=== Task goal ===
Write out exactly, with both ends included, the lines that run from the line containing "4.2 s after image 1." to the end of the entries. Pictures are not part of the answer.

□ □ □ □ □

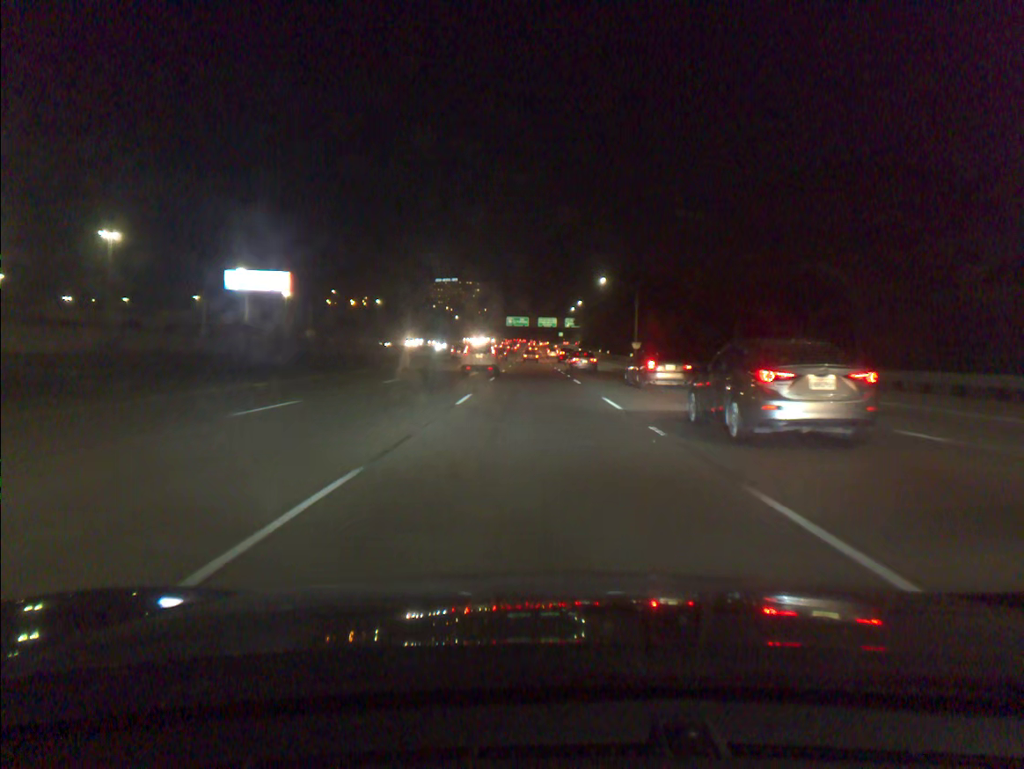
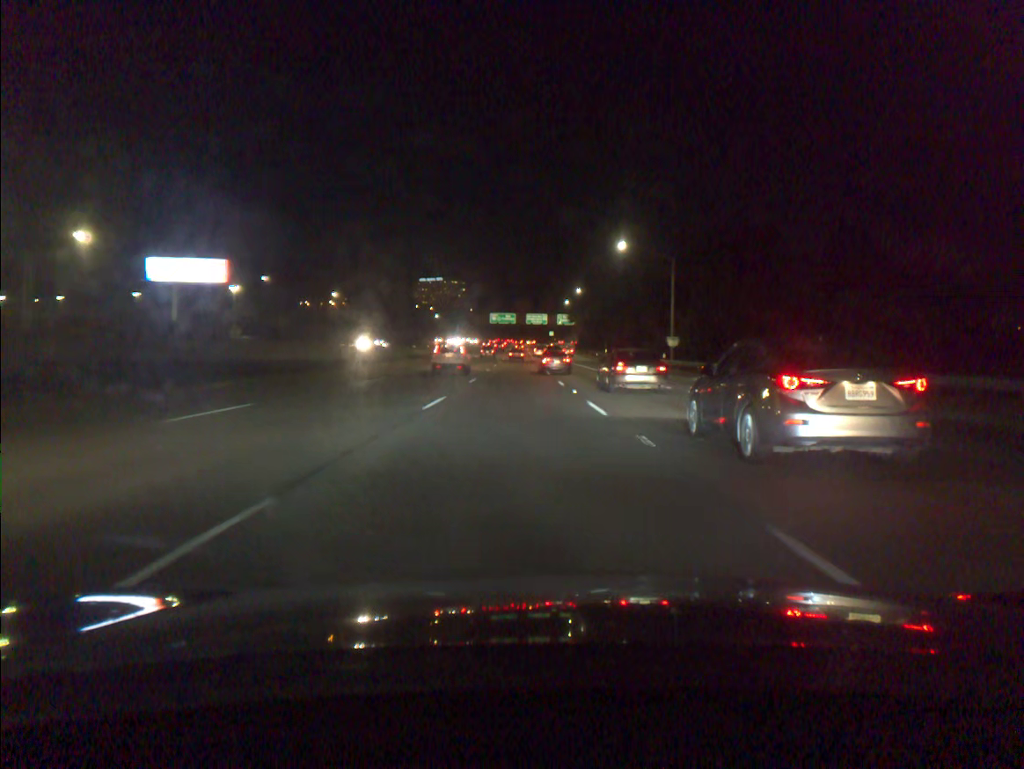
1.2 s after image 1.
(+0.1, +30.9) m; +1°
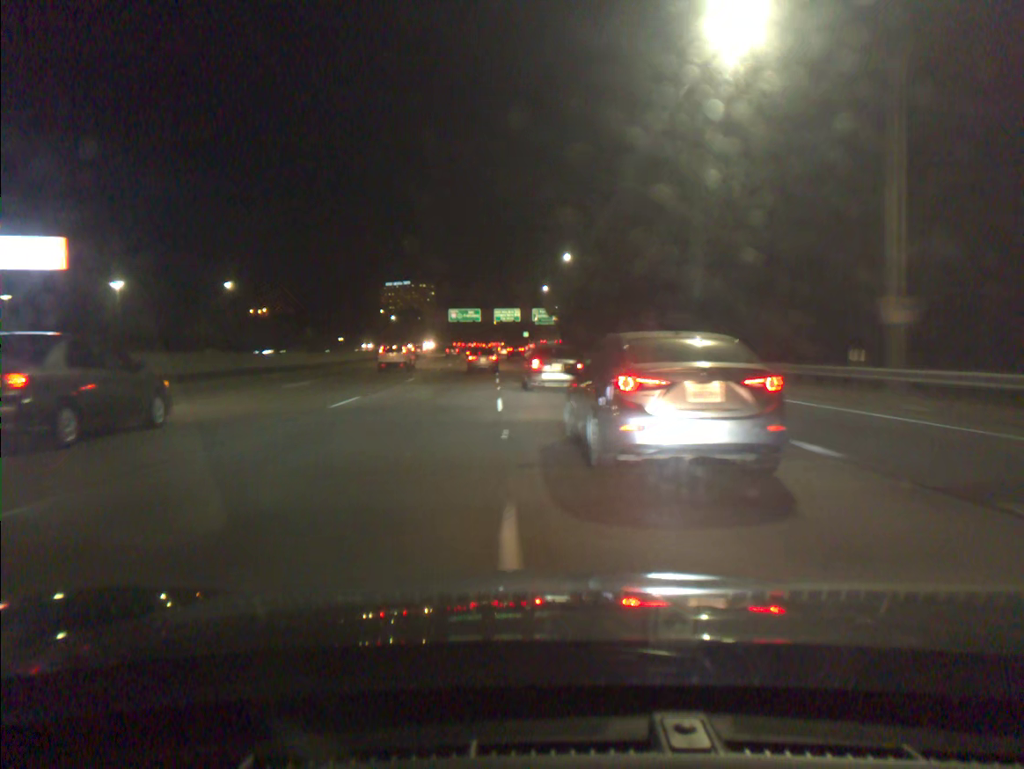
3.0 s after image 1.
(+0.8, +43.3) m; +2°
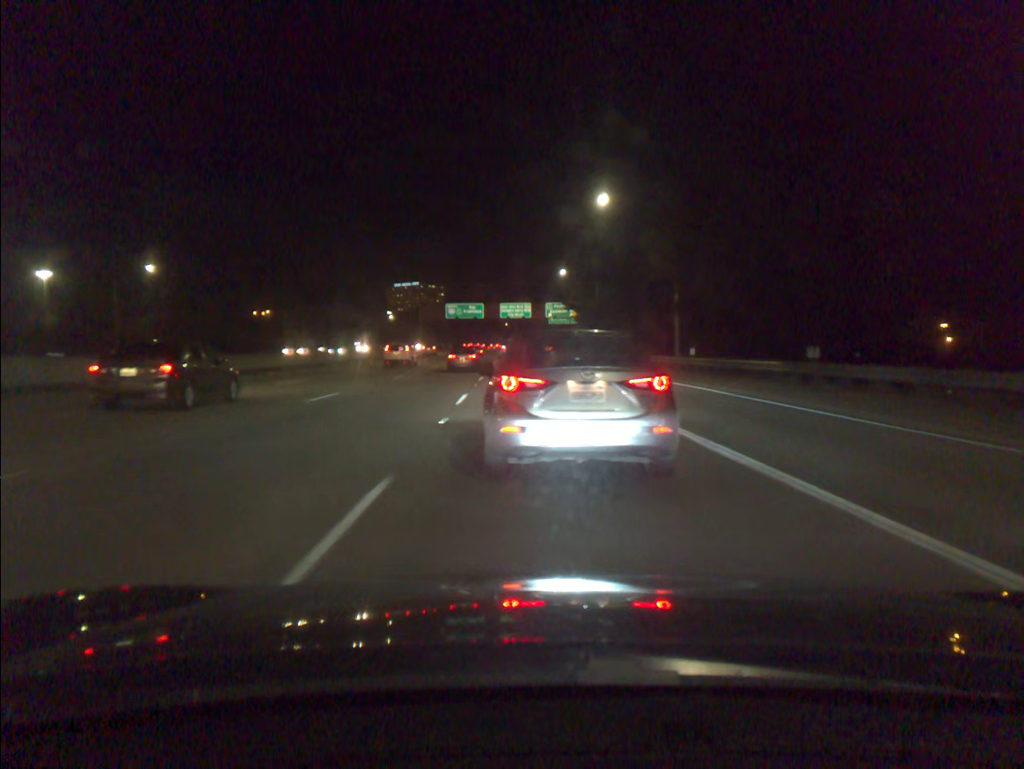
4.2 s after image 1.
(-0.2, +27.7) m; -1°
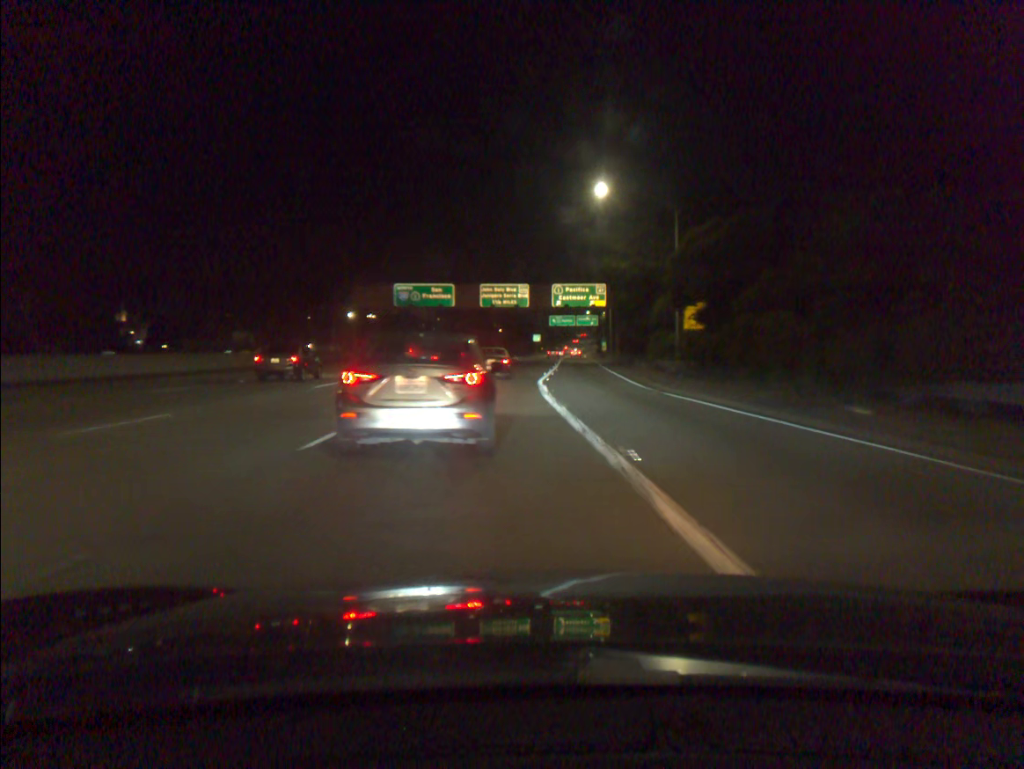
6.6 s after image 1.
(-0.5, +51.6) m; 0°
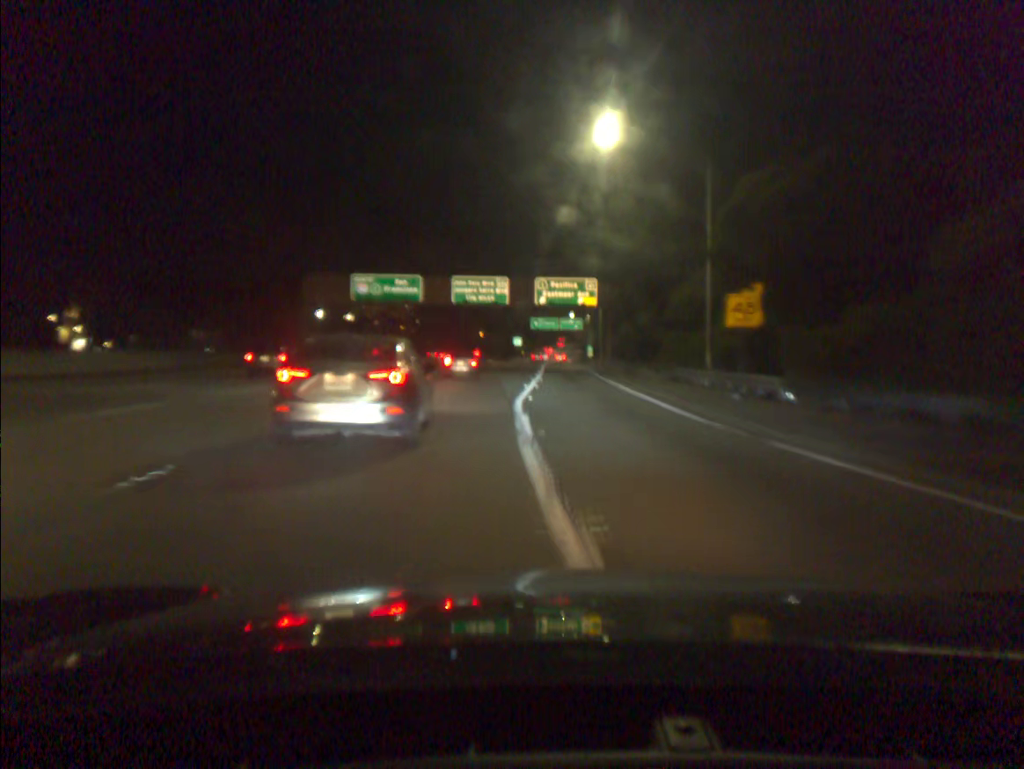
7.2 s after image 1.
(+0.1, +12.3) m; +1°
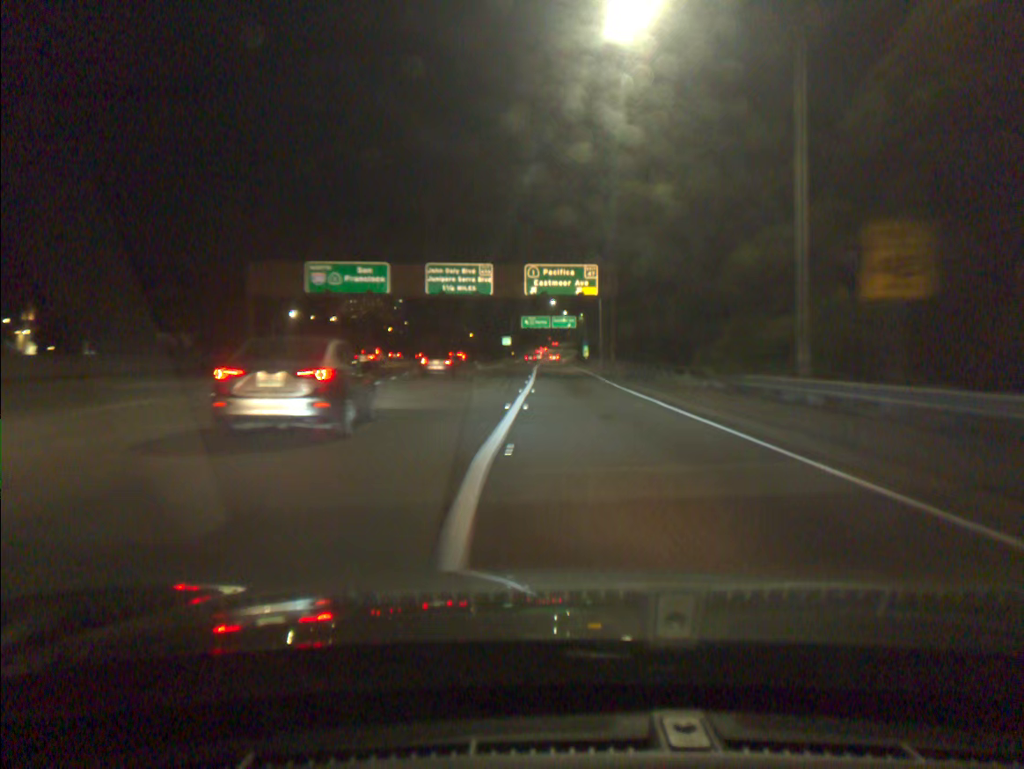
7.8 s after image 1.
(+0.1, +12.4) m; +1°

□ □ □ □ □

=== Written response ===
4.2 s after image 1.
(-0.2, +27.7) m; -1°
6.6 s after image 1.
(-0.5, +51.6) m; 0°
7.2 s after image 1.
(+0.1, +12.3) m; +1°
7.8 s after image 1.
(+0.1, +12.4) m; +1°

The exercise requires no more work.